TASK STATEMENT.
Give again exactly the lines that stretch from the one with "You are a model" to the end of the data below, including both of those lines and nothing else.

- Opening Delimiter -

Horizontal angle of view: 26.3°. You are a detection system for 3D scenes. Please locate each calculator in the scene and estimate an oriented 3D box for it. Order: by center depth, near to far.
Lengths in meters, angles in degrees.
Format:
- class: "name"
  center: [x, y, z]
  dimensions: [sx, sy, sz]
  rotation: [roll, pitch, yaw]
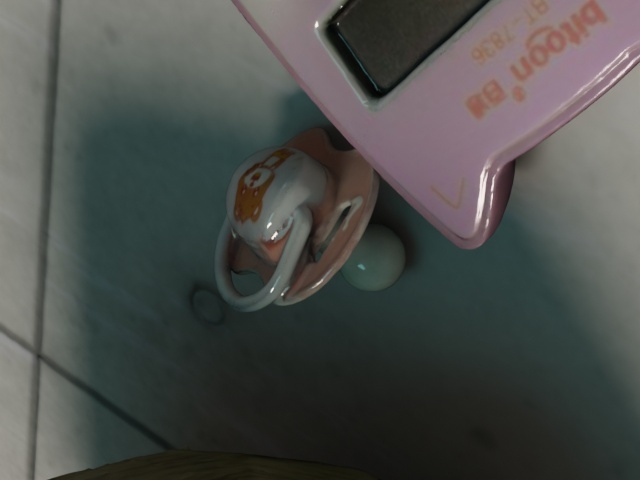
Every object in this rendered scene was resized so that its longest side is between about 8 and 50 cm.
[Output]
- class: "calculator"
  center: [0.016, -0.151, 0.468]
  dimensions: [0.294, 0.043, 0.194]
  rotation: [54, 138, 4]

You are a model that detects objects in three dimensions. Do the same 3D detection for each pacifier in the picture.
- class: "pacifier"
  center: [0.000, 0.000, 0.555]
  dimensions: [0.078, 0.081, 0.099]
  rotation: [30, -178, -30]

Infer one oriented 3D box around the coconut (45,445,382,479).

- Closing Delimiter -

ANSWER TO THIS EXERCISE.
You are a model that detects objects in three dimensions. Do the same 3D detection for each pacifier in the picture.
- class: "pacifier"
  center: [0.000, 0.000, 0.555]
  dimensions: [0.078, 0.081, 0.099]
  rotation: [30, -178, -30]

Infer one oriented 3D box around the coconut (45,445,382,479).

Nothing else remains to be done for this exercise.